How Data Moves — ETL vs CDC#
The OLAP warehouse is a separate system. It needs data from your OLTP production database. The question is: how do you keep it fed and up to date?
There are two approaches: ETL (batch snapshots) and CDC (real-time streaming).
Approach 1 — ETL (Extract, Transform, Load)#
ETL is the naive but simple approach. A scheduled job wakes up every few hours and does three things:
Extract → pull data from OLTP
SELECT * FROM orders WHERE updated_at > last_run_time
Transform → clean it, reshape it, join tables, compute derived columns
Load → write the result into the OLAP warehouse
The warehouse now holds a snapshot of the production database as of the last job run. Analysts query that snapshot.
The fundamental problem — staleness#
If the ETL job runs every 6 hours, the warehouse is at worst 6 hours stale.
For a weekly revenue report, that's fine. But imagine your fraud detection team is watching for suspicious transactions. A fraudster makes 50 transactions in 10 minutes. Your ETL runs every 6 hours.

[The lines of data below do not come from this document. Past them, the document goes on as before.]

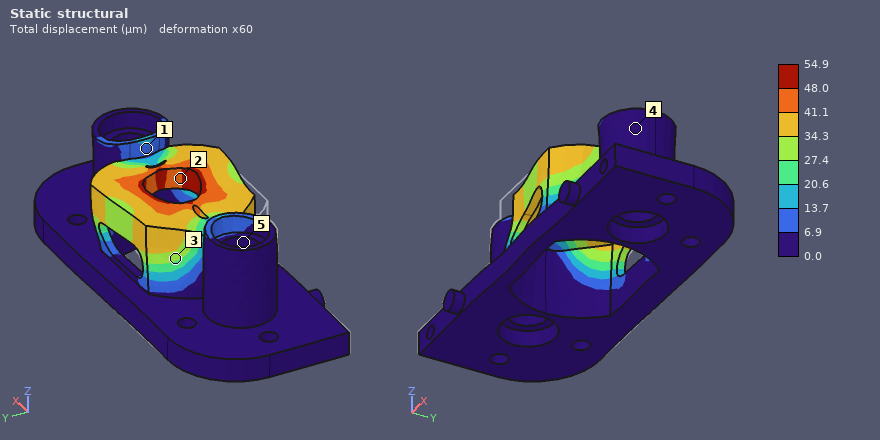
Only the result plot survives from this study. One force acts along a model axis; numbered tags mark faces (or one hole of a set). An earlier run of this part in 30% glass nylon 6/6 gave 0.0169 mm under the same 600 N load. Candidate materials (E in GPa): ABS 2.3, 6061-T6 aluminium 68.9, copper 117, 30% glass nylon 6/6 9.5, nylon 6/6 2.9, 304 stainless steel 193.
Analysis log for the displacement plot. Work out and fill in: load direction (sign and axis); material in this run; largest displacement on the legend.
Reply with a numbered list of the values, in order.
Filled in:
1. +X
2. nylon 6/6
3. 54.9 µm
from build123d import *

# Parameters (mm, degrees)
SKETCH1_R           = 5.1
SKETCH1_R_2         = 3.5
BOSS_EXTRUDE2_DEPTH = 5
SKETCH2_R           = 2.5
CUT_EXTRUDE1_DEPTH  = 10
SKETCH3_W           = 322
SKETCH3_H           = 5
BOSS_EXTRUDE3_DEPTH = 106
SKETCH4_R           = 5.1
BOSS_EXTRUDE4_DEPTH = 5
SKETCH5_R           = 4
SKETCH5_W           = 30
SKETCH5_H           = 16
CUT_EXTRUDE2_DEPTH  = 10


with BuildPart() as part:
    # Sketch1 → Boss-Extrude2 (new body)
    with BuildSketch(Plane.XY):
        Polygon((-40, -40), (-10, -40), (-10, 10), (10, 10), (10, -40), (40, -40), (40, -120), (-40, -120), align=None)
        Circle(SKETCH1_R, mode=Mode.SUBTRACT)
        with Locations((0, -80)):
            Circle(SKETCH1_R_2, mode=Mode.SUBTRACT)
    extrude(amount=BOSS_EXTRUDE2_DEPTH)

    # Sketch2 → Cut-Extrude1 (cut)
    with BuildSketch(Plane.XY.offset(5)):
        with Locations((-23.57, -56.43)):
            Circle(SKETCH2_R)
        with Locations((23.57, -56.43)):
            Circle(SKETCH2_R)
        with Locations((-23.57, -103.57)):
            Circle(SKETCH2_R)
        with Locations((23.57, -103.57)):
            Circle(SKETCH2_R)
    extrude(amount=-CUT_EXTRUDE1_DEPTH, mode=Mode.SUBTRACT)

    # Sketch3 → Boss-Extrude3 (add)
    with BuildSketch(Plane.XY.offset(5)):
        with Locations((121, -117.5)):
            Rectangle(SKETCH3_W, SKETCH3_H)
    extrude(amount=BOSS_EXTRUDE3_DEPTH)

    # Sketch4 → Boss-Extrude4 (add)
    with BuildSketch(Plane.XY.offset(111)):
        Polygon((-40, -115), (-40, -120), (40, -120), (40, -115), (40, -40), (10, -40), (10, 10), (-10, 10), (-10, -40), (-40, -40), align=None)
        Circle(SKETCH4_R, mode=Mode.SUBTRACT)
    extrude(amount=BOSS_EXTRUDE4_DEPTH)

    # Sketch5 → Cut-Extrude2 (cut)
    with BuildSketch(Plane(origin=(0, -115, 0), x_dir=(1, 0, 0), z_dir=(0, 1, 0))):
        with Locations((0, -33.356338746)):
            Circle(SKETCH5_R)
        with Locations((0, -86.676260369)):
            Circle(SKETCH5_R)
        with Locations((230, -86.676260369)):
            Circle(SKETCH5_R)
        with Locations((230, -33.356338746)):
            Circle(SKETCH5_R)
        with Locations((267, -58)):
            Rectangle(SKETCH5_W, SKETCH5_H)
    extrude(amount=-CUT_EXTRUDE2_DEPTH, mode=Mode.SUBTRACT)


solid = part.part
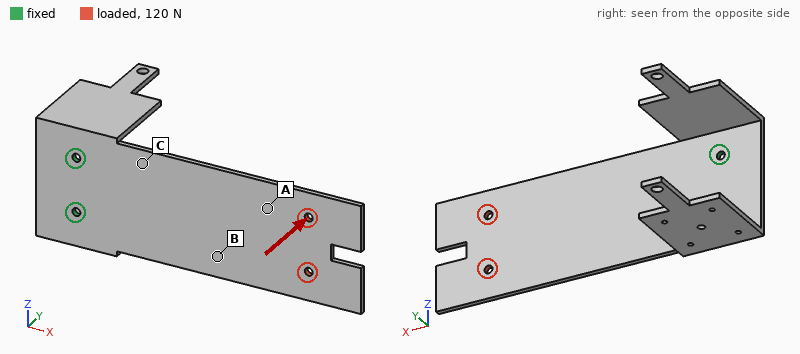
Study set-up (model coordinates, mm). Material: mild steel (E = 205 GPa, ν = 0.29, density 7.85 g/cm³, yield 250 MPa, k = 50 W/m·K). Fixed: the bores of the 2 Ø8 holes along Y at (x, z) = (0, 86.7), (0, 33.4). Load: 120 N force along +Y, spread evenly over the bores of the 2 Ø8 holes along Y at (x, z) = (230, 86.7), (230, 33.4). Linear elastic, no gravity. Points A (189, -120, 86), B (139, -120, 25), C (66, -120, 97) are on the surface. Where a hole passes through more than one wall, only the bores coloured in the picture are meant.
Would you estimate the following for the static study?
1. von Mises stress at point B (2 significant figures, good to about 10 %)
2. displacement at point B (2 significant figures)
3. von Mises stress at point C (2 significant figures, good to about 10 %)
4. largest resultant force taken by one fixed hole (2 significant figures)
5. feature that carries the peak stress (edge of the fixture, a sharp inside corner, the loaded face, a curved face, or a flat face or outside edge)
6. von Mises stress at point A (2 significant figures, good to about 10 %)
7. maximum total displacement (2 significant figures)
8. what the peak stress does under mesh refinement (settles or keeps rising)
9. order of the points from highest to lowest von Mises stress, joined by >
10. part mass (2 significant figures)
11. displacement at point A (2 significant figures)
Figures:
25 MPa
0.74 mm
46 MPa
84 N
edge of the fixture
12 MPa
2.4 mm
keeps rising
C > B > A
1.9 kg
1.3 mm
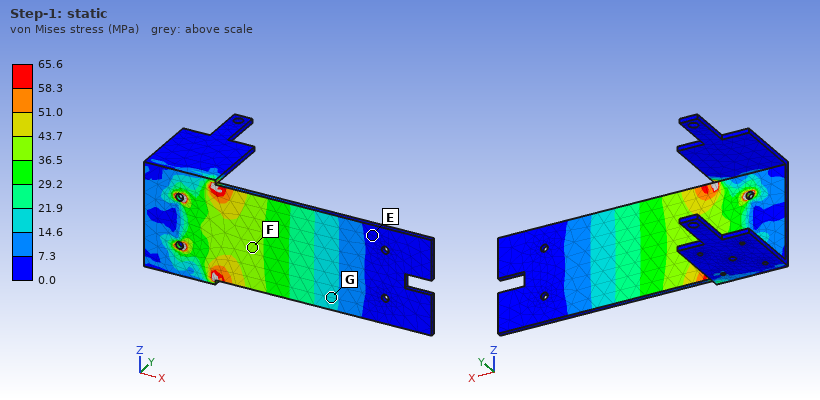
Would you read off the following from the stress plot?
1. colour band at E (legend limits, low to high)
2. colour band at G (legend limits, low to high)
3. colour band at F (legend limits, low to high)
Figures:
0.0 to 7.3 MPa
14.6 to 21.9 MPa
36.5 to 43.7 MPa
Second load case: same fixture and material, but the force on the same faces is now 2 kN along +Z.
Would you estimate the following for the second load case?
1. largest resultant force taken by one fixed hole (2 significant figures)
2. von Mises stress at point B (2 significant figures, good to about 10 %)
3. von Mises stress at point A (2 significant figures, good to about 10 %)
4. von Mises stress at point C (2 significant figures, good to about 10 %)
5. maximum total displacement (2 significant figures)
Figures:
8.1 kN
13 MPa
8.5 MPa
26 MPa
0.15 mm
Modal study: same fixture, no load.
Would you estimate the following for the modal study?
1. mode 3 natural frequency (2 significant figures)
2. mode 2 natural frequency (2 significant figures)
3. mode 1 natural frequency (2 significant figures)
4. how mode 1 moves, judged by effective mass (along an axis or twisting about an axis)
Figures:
310 Hz
290 Hz
59 Hz
along Y
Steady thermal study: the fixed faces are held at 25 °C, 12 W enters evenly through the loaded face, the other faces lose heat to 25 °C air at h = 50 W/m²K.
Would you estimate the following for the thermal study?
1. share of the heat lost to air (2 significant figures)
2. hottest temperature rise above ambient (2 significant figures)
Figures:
99 %
16 K
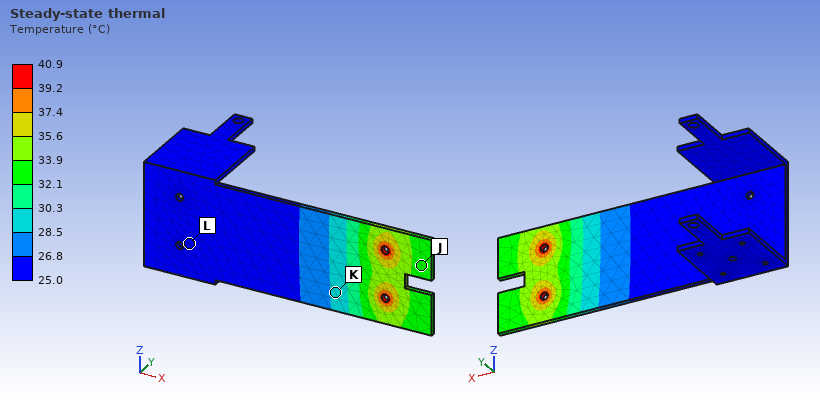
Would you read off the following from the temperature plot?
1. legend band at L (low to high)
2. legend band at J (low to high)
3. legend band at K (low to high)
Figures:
25.0 to 26.8 °C
32.1 to 33.9 °C
28.5 to 30.3 °C
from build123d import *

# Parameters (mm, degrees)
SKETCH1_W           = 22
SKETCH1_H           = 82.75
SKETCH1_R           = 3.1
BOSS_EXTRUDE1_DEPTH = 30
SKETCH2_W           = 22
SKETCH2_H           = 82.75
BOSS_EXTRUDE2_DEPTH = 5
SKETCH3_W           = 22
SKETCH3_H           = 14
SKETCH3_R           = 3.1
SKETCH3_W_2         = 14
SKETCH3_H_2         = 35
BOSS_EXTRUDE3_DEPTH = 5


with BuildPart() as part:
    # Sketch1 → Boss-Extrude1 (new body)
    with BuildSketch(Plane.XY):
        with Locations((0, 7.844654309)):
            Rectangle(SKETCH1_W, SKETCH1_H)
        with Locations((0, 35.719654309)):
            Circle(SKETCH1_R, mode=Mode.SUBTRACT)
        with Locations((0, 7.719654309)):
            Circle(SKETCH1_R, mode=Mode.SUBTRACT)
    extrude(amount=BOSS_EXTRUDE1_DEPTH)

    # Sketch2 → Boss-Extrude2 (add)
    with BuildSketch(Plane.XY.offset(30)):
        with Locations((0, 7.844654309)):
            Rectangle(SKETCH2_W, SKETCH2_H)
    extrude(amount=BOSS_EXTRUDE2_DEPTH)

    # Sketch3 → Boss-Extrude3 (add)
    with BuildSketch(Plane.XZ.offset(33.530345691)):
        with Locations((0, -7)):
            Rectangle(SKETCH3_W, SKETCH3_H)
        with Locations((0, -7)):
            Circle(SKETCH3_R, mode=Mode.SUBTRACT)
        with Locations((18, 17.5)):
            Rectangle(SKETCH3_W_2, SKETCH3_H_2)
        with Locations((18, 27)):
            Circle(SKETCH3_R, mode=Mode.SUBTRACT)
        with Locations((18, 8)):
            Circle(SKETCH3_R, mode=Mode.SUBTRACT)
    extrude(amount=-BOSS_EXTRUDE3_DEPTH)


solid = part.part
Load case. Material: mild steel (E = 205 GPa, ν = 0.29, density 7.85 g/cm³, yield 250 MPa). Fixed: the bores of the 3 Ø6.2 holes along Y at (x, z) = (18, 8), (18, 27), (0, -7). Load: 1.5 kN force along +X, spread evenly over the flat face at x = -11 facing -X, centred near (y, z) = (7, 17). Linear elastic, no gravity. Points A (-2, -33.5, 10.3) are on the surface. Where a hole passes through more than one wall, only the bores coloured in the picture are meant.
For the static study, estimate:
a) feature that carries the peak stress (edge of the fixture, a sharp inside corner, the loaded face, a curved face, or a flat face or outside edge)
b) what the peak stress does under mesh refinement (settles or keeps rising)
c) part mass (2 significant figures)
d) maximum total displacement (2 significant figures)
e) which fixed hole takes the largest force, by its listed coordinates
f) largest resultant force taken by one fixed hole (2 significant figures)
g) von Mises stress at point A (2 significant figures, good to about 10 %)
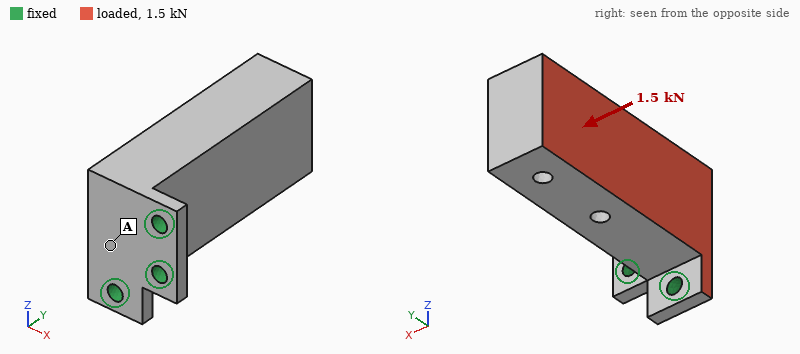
edge of the fixture
keeps rising
510 g
0.14 mm
(18, 8)
3.1 kN
25 MPa
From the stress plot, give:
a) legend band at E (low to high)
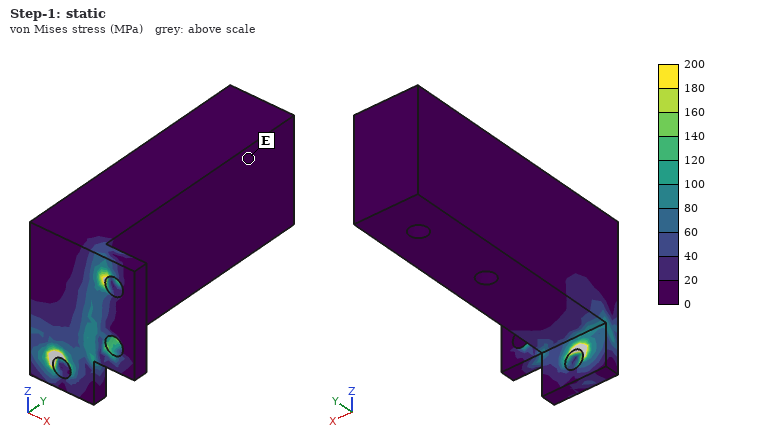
0 to 20 MPa
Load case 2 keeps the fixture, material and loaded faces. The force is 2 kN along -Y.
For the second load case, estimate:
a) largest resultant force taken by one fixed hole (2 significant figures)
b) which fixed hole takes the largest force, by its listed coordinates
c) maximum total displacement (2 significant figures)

2.0 kN
(0, -7)
0.11 mm
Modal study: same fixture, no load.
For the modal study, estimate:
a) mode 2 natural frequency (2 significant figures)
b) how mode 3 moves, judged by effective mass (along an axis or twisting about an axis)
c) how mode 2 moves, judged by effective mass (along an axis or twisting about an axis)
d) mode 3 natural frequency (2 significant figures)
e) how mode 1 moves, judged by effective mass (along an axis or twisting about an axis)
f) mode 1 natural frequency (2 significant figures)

2000 Hz
along Y
along Z
6700 Hz
along X
860 Hz

You won't see it in the warehouse for 6 hours. By then the money is gone.
ETL is batch — you get a snapshot of the past, not the present.
ETL = snapshots
Every ETL run takes a point-in-time snapshot of production data and loads it into the warehouse. The warehouse is always some hours behind the live database.
Approach 2 — CDC (Change Data Capture)#
You've already studied CDC in detail. Here's how it fits into the OLAP pipeline:
Every write to your OLTP database — a new user, a new order, a deleted post — gets captured by CDC as it happens. CDC reads the database's internal write log (WAL in PostgreSQL, binlog in MySQL) and publishes each change as an event to Kafka.
A consumer pulls those events from Kafka and writes them into the OLAP warehouse.
OLTP (PostgreSQL)
↓ CDC reads WAL
Kafka (event stream)
↓ consumer pulls events
OLAP (BigQuery / Redshift)
↑
Analysts query fresh data
Instead of a 6-hour-old snapshot, the warehouse is now 5–10 seconds behind the live database. Your fraud detection team sees the suspicious transactions almost as they happen.
ETL vs CDC — the trade-off#
| ETL | CDC | |
|---|---|---|
| How it works | Batch job, runs on a schedule | Streams every change in real-time |
| Data freshness | Hours old | Seconds old |
| Complexity | Simple — just a scheduled query | More moving parts — Kafka, consumers, schema evolution |
| Best for | Reporting, historical analysis, BI dashboards | Fraud detection, real-time dashboards, search index sync |
Interview framing
When an interviewer asks "how would you keep your data warehouse up to date?" — lead with CDC for freshness-sensitive use cases (fraud, real-time analytics), and mention ETL as the simpler alternative when near-real-time isn't needed (weekly reports, BI dashboards).
Why CDC is harder#
CDC sounds strictly better — fresher data, same result. But it comes with complexity:
- Schema changes are painful — if you add a column to your OLTP table, your CDC consumer and warehouse schema both need to be updated in sync.
- Message ordering — Kafka guarantees ordering within a partition, but cross-partition ordering requires careful partition key design.
- Exactly-once delivery — if a consumer crashes and restarts, it may re-process some events. The warehouse write must be idempotent.
ETL avoids all of this — it's just a SQL query on a schedule. For teams that don't need real-time analytics, ETL is the right call.